医療機器の製造販売業

医療機器製造販売業

薬機法では、製造販売業と製造業をつぎのようなグループに区分しています。品目の特性に応じて許認可などの取り扱いをグループ単位で定めていますので、それぞれのグループで許認可の手続きなどほぼ共通するような規定となっています。それにしたがってべつに医薬品・医薬部外品・化粧品の製造販売業、製造業についてまとめていますが、ここでは医療機器を取り上げ、その営業の許認可について書きます(体外診断用医薬品が医療機器とほぼ同様のルールで括られています)。

  • 医薬品、医薬部外品、化粧品
  • 医療機器、体外診断用医薬品
  • 再生医療等製品

医療機器を製造販売するには、厚生労働大臣の許可を受けなくてなりません。申請届出等の実務は製造販売業者の事務所の所在地の都道府県知事が行ないます。また、これらの許可の有効期間は5年間となっていますので、5年ごとの更新が必要です。

医療機器はそのリスクの度合いに応じて高度管理医療機器、管理医療機器、一般医療機器に区分されています。そして、医療機器の製造販売業も扱う製品に応じてつぎのように区分されています。

  • 第一種医療機器製造販売業…高度管理医療機器(クラスⅢ及びクラスⅣ)まで。
  • 第二種医療機器製造販売業…管理医療機器(クラスⅡ)まで。
  • 第三種医療機器製造販売業…一般医療機器(クラスⅠ)のみ。

上記の医療機器の種類については、次のように位置づけられています。(詳細は〈医療機器の分類と運用〉に)

  • 高度管理医療機器
    医療機器であつて、副作用又は機能の障害が生じた場合において人の生命及び健康に重大な影響を与えるおそれがあることからその適切な管理が必要なものとして、厚生労働大臣が指定するもの
  • 管理医療機器
    高度管理医療機器以外の医療機器であつて、副作用又は機能の障害が生じた場合において人の生命及び健康に影響を与えるおそれがあることからその適切な管理が必要なものとして、厚生労働大臣が指定するもの
  • 一般医療機器
    高度管理医療機器及び管理医療機器以外の医療機器であつて、副作用又は機能の障害が生じた場合においても、人の生命及び健康に影響を与えるおそれがほとんどないものとして、厚生労働大臣が指定するもの

許可の基準

医療機器製造販売業の許可を受けるには、次の基準を満たさなくてはなりません。

  1. 申請に係る医療機器の製造管理又は品質管理に係る業務を行う体制が、べつに定める基準に適合すること
  2. 申請に係る医療機器の製造販売後安全管理の方法が、べつに定める基準に適合すること
  3. 申請者が欠格事項に該当しないこと

1については、「医療機器又は体外診断用医薬品の製造管理又は品質管理に係る業務を行う体制の基準に関する省令(体制省令)」、2は「医薬品、医薬部外品、化粧品、医療機器及び再生医療等製品の製造販売後安全管理の基準に関する省令(GVP省令」が定められ、この基準に従った体制の確立と事業運営が求められます。
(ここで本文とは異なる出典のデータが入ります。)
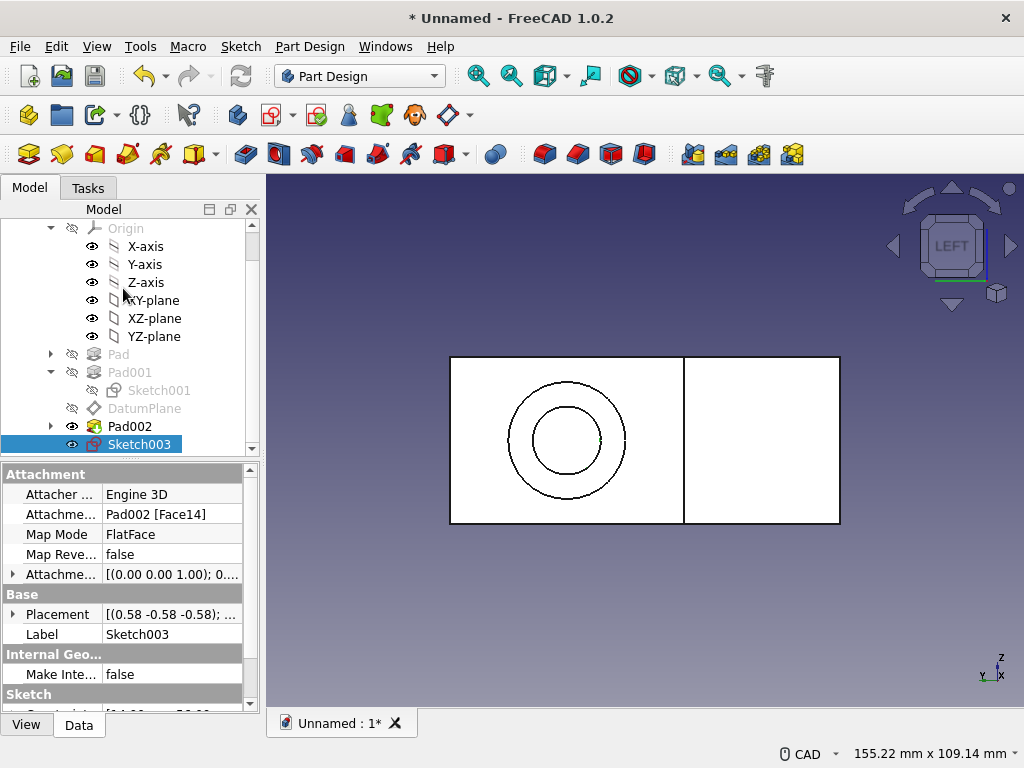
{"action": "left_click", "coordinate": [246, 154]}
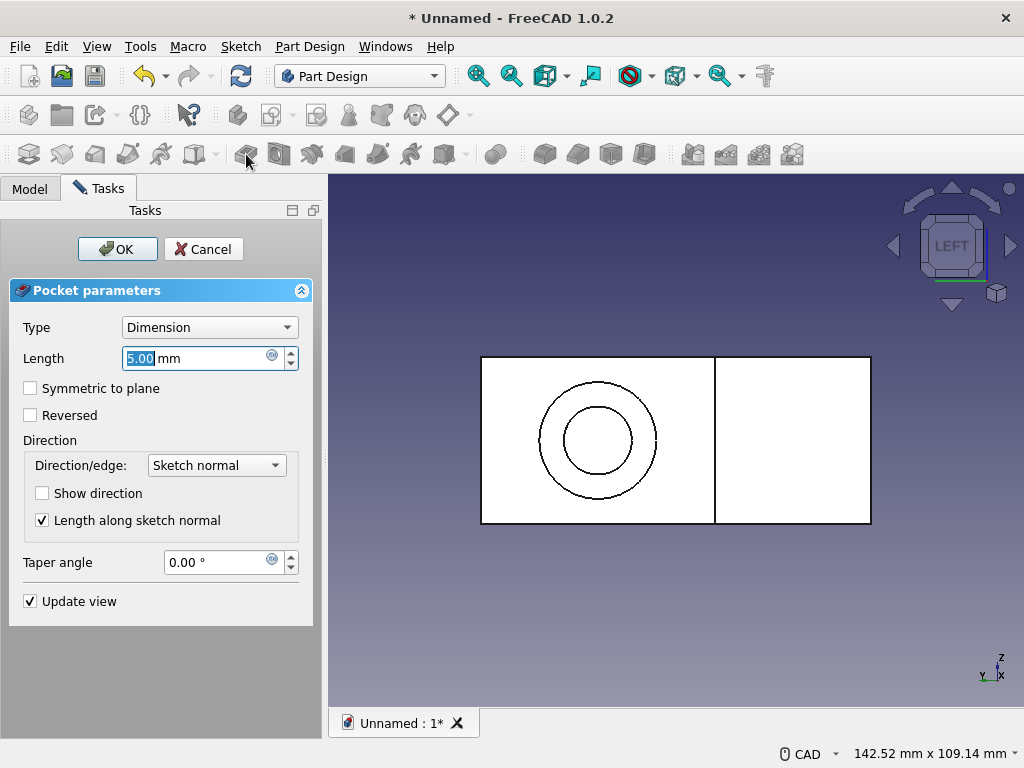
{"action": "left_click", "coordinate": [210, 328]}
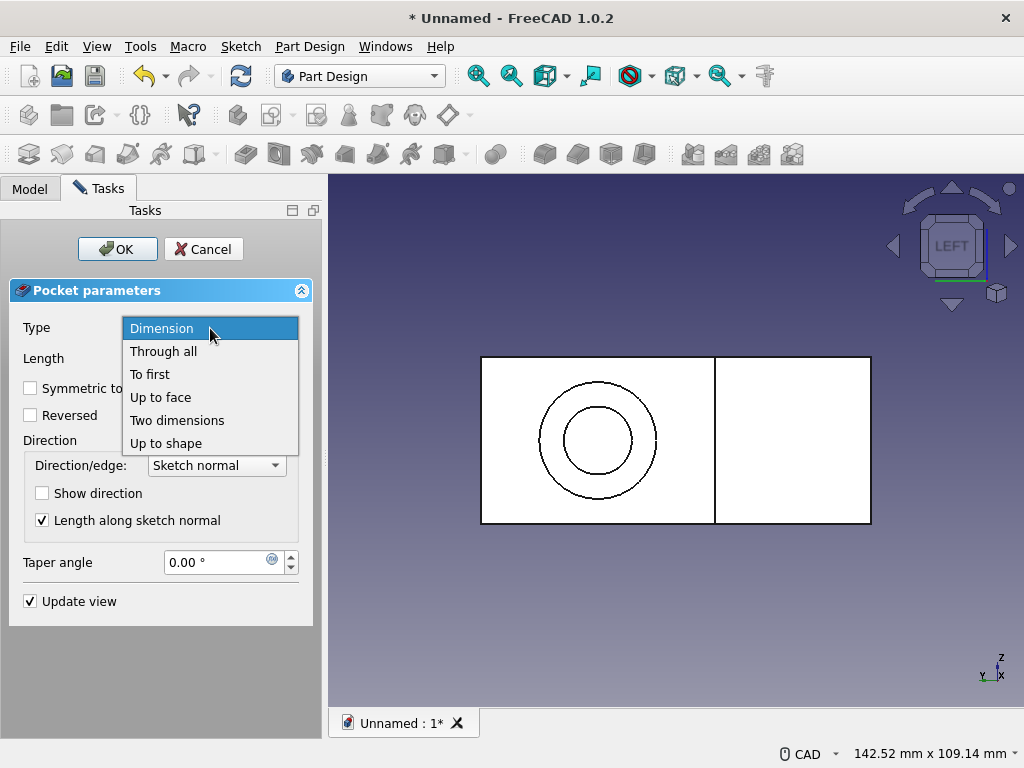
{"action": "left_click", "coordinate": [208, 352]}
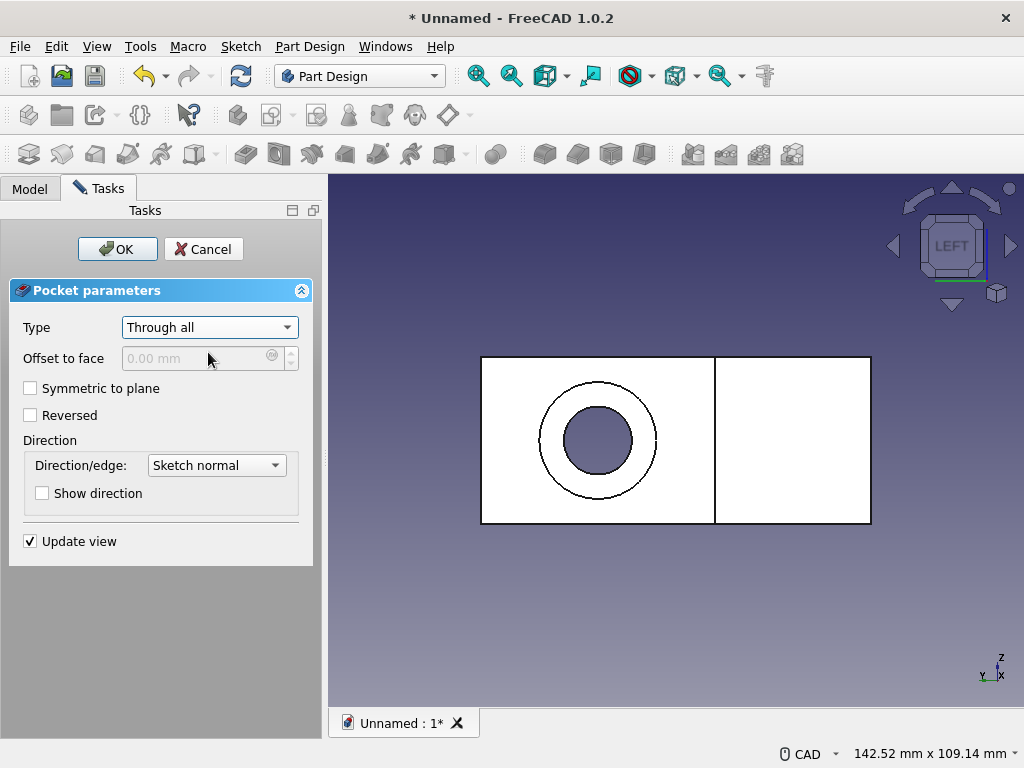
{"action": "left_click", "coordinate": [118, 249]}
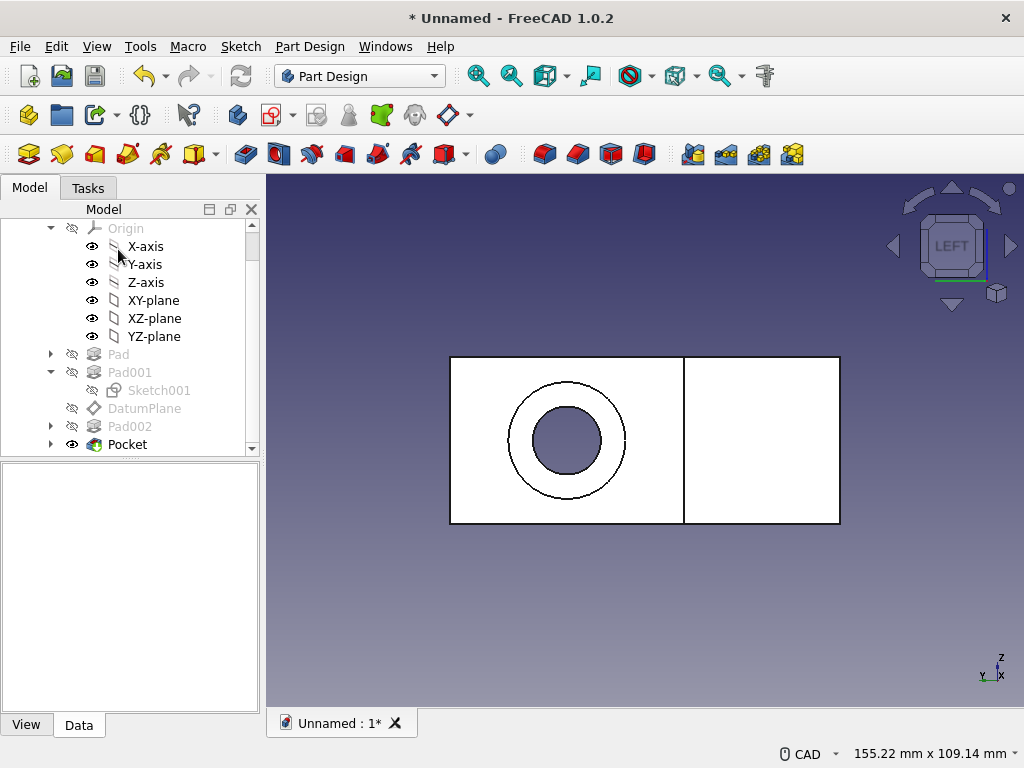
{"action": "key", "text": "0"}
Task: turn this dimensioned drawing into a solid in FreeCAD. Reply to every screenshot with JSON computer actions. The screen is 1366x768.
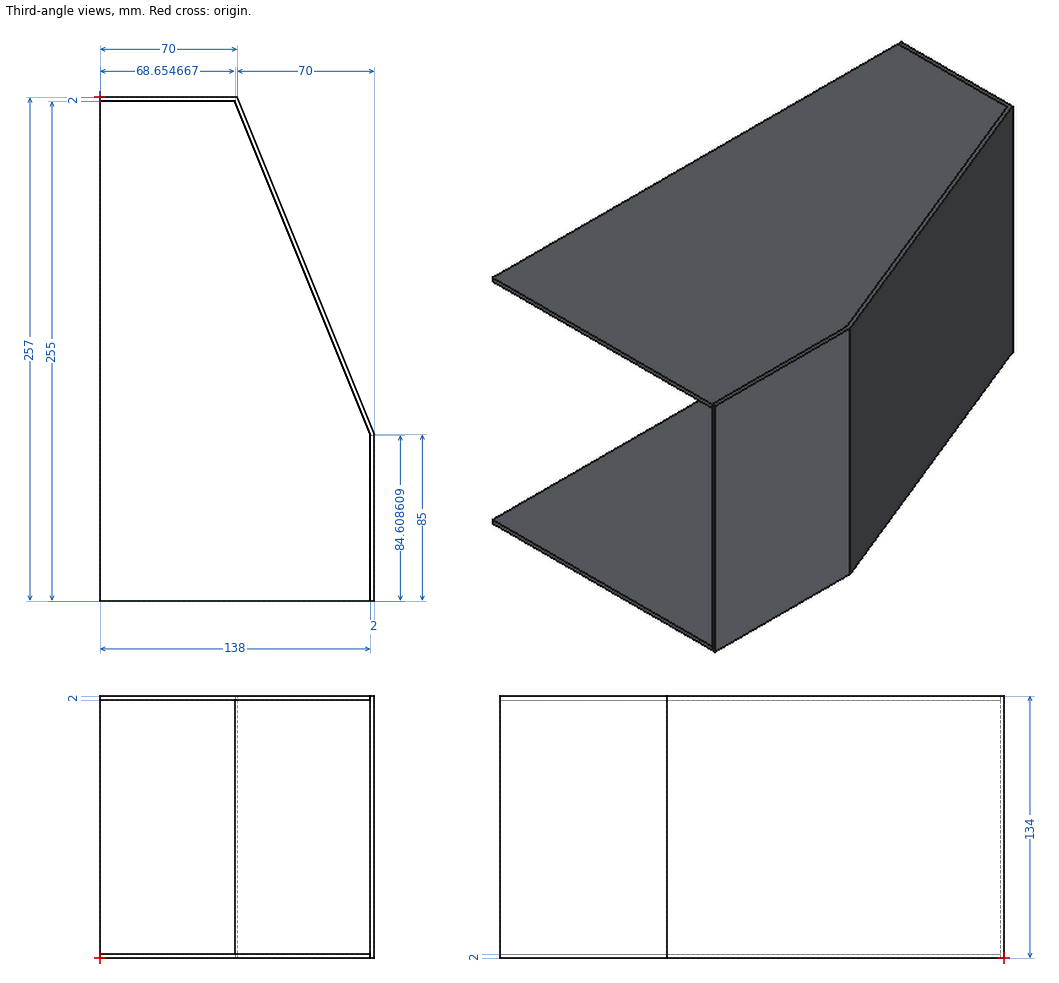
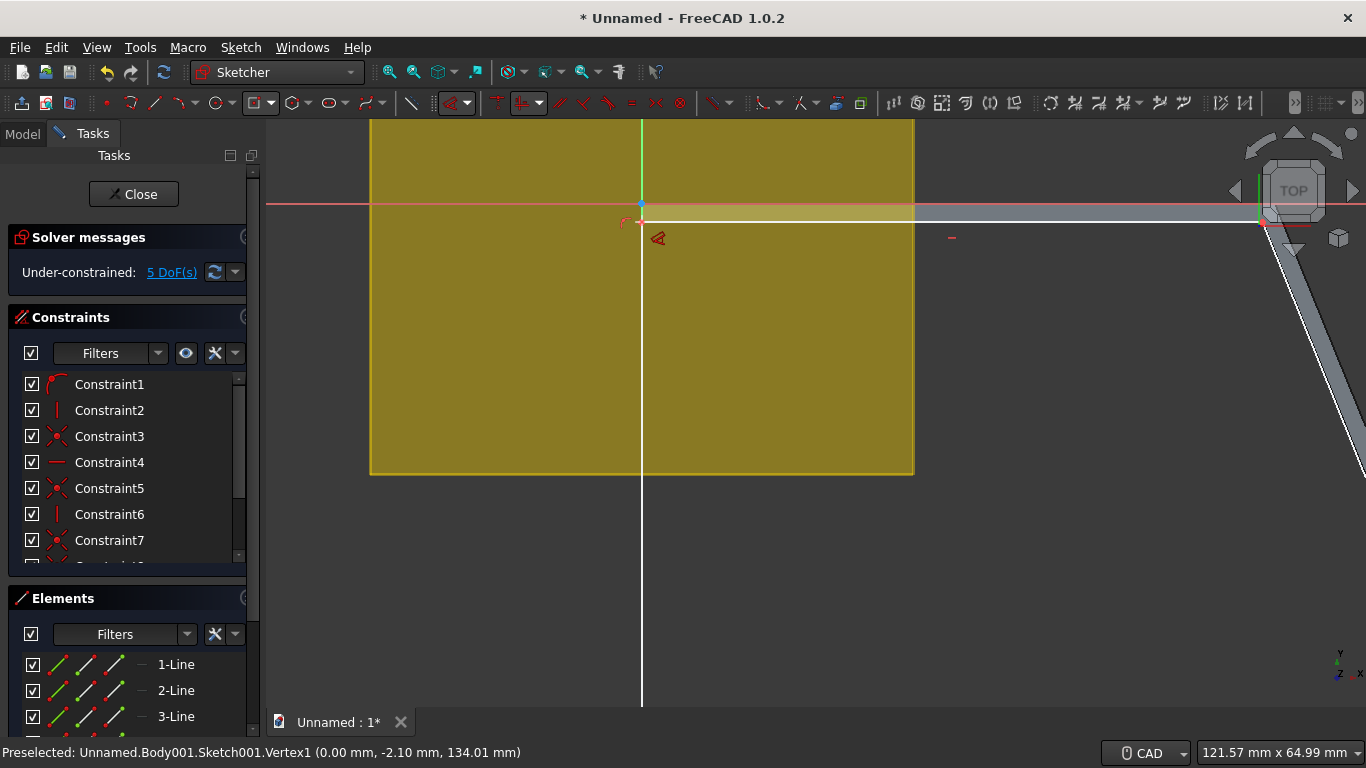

また、体制省令は製造販売業者の製造管理又は品質管理に係る業務に必要な体制を「医療機器及び体外診断用医薬品の製造管理及び品質管理の基準に関する省令(QMS省令)」に基づいて整備するよう求めています。

QMS省令は国際規格であるISO13485との整合を図るものとして定められており、製造管理と品質管理に関わるものですが、その業務については製造業者ではなく製造販売業者にこの基準への対応が求められています。もっとも実務上は製造販売業者を通して製造業者もこの基準への適合を求められることになります。

責任者等の組織体制

医療機器の製造販売業者は、医療機器の製造管理及び品質管理並びに製造販売後安全管理を行わせるために、総括製造販売責任者を選任し配置しなければなりません。総括製造販売責任者は、必要な能力及び経験を有する者として省令で定める要件を満たす人でなくてはなりません。

なお、GVP省令では安全確保業務、QMS省令では品質管理業務を担う部門について省令で定める責任者として必要な人員を配置するよう求めています。

製造販売の承認等

医療機器を製造販売するには、その品目ごとに承認・認証・届出のいずれかの手続きを行なわなくてはなりません。すなわち、リスクの度合いに応じて定められたクラス分類(上記参照)に応じてつぎのような手続きになります。

  • 厚生労働大臣の承認……下記を除く高度管理医療機器・管理医療機器
  • 登録認証機関による認証……厚生労働大臣が基準を定めて指定する高度管理医療機器・管理医療機器
  • 製造販売届出……一般医療機器

なお、この承認・届出事務は、主に独立行政法人医薬品医療機器総合機構が実務を行なっています。認証については、厚生労働大臣の登録を受けた民間の登録認証機関が行ないます。